Following the same logic, the most likely time of end for the first event is: 6:02:22.266 + ((696-212)/696)*0.09 = 6:02:22.329
And the confidence interval:
Min = 6:02:22.266 + ((696-212)/(696+67))0.09 = 6:02:22.323
Max = 6:02:22.266 + ((696-212)/(696-67))0.09 = 6:02:22.335
End of first event: 6:02:22.329 [CI: 6:02:22.323 - 6:02:22.335]
Therefore, we have: Duration of the first event: 0.449 seconds [CI: 0.436 - 0.461]
Second event:
For the second event, the frame starting at 6:02:22.626 has a signal intensity value of 116, suggesting a start of the second event at: 6:02:22.626 + (116/696)*0.09 = 6:02:22.641
And the confidence interval:
Min = 6:02:22.626 + (116/(696+67))*0.09 = 6:02:22.640
Max = 6:02:22.626 + (116/(696-67))*0.09 = 6:02:22.643
Start of second event: 6:02:22.641 [CI: 6:02:22.640 - 6:02:22.643]
For the end of the second event, the last frame (starting at 6:02:22.891) has a signal intensity of 576, which is slightly lower than average minus sd. Therefore, I’ll go with the hypothesis that a small fraction of this frame took place while the occultation was still ongoing, giving us an expected time of end for the second event of: 6:02:22.891 + ((696-576)/696)*0.09 = 6:02:22.906
Min = 6:02:22.891 + ((629-576)/629)*0.09 = 6:02:22.899
Max = 6:02:22.891 + ((763-576)/763)*0.09 = 6:02:22.913
End of the second event: 6:02:22.906 [CI: 6:02:22.899 - 6:02:22.913]

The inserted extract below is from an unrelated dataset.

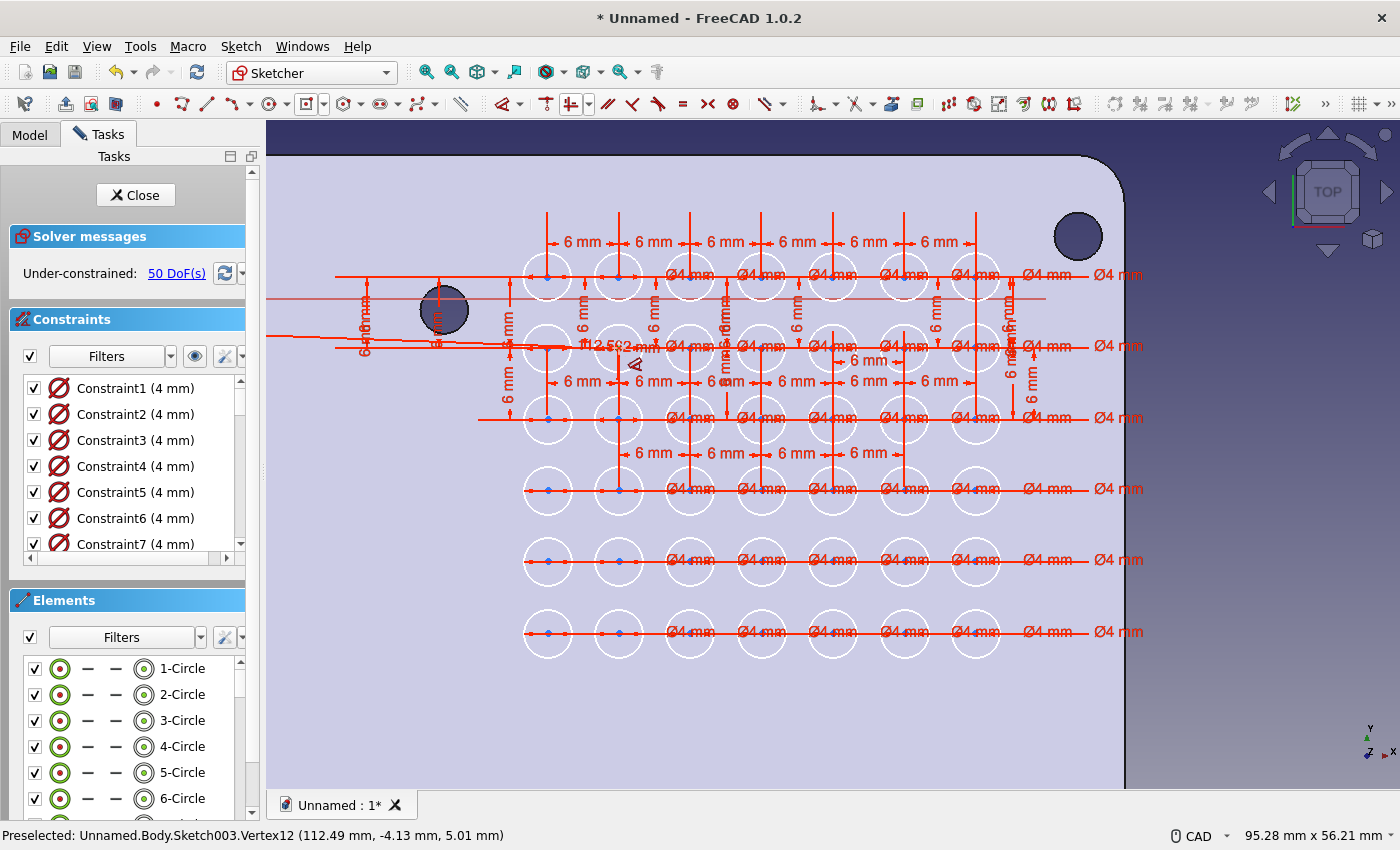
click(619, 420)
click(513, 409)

Therefore, we have a duration for the second event of: 0.266 seconds [CI: 0.256 - 0.273]
Note that my strategy for computing times and confidence intervals might not be the most refined startegy possible, but I doubt the results would change significantly by applying any other strategy.
Conclusion.
This occultation produced two events, of 0.449 and 0.266 seconds each, for a total of 0.715 seconds [CI: 0.692 - 0.734], which fits nicely with the 0.7 maximum duration predicted by OccultWatcher. This suggests that the entire width of the asteroid was sampled and makes the hypothesis of a grazing occultation with a convoluted shape unlikely.
Therefore, I am confident that this observation strongly suggests that (10424) Gaillard is a binary asteroid, made of two fragments of roughly 4.1 and 2.4 km in radius and I would like to encourage all observers to attempt future occultations by (10424) Gaillard.

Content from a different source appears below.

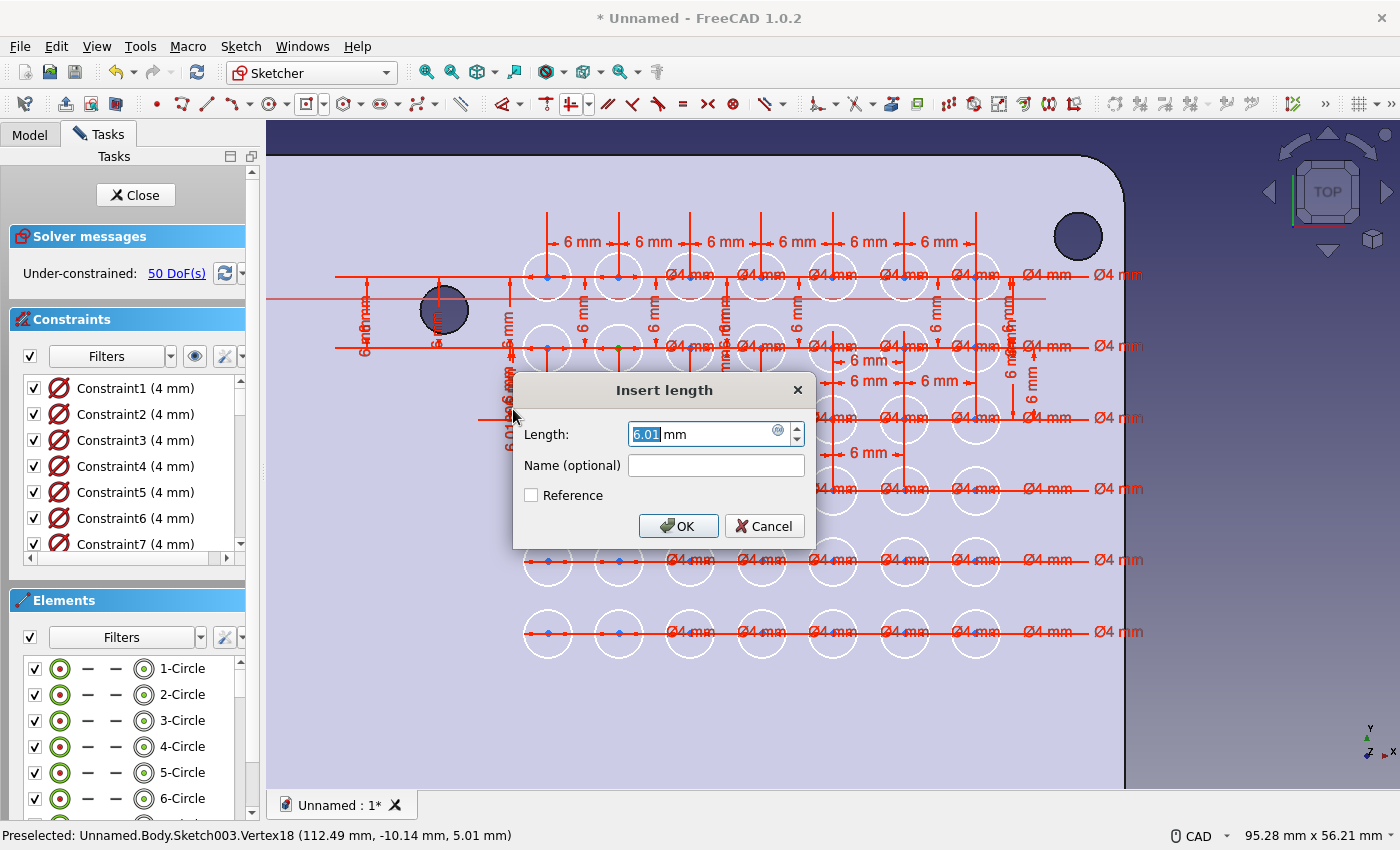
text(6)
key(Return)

A final note on the precision of time stamps.
Time stamps for this observation come from a mini-PC running Linux (Ubuntu) synchronized with NTP a few minutes before the event. There is considerable discussion (and a wide variety of opinions) regarding the precision/reliability of such time stamps. To ensure proper calibration, I use a GPS flasher device (one of Aart’s flasher systems, kindly provided to me by John Moore). I had programmed the flasher to emit two led flash of 1 second each, 20 seconds before and after the event. Here are the light curves for the white signal around these two flashes:
Using the same stratgey as above, and knowing that the average signal for the white signal during the flahs was 28,706 and that the signal for the frame starting at 6:01:48.941 was 5,702 we can estimate the start of the flash at: 6:01:48.941 + ( (28706-5702)/28706)*0.09 = 6:01:49.013
That would be 13 milliseconds after the LED actually started lighting up.
The end of the flash would have been timed at: 6:01:49.936 + (24300/28706)*0.09 = 6:01:50.012 (almost the same offset: 12ms)
Looking at the second flash:
Start: 6:02:49.998 + ( (28489-24661)/28489 )*0.09 = 6:02:50.010
End: 6:02:50.992 + (4785/28489)*0.09 = 6:02:51.007
Therefore, it appears that my timings are off by about 10 milliseconds. While it would be nice to have more accurate timing, this small clock drift does not change the main conclusions of this analysis.